I remember having a conversation with a very pretentious Stanford grad who was droning on and on about my “State” school education vs. his “Stanford” education and for once I just let it go. Finally someone at the table said, “You do realize we all know you make about $60K as an engineer and she makes over $250K in sales?”
It’s really not about how much money you make or how educated you are, it’s about how much of an asshole you really want to be. I do believe that receiving your doctorate could be rewarded and used in contract negotiations if the person with an advanced degree can show practical application and real world experience to support the position. Just because someone has a doctorate or M.B.A doesn’t automatically in my mind equate with them with “expert.” I know many an “expert,” who just never wanted to get jobs and went to school forever. I’d hire someone with real world experience over a million advanced degrees without practical application in most circumstances.

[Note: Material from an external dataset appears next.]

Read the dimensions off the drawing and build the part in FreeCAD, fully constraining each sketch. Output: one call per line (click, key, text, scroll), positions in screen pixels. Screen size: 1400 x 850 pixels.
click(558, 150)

Nurses also get doctorates and some (not all) demand to be referred to as Doctor Nurse? What the fuck? It’s like everyone gets a trophy: The Education Edition. Again my background is in medicine and in that world the term doctor means you can fix someone either with stiches or shots but not by telling people it’s sunny outside. I understand the schools are teaching students who likely overpaid for their education that they have a “right” to be called “doctor.”
Do the work, gain the experience and earn the respect. A title does not nor should it equate to automatic respect. Yes and honorary doctorates fall into this category too. That’s worse, the person didn’t even do the “work,” and because they made a good movie and want to transition to something serious (also see wears fake glasses)-they’ll toss around “Honorary Doctorate from…”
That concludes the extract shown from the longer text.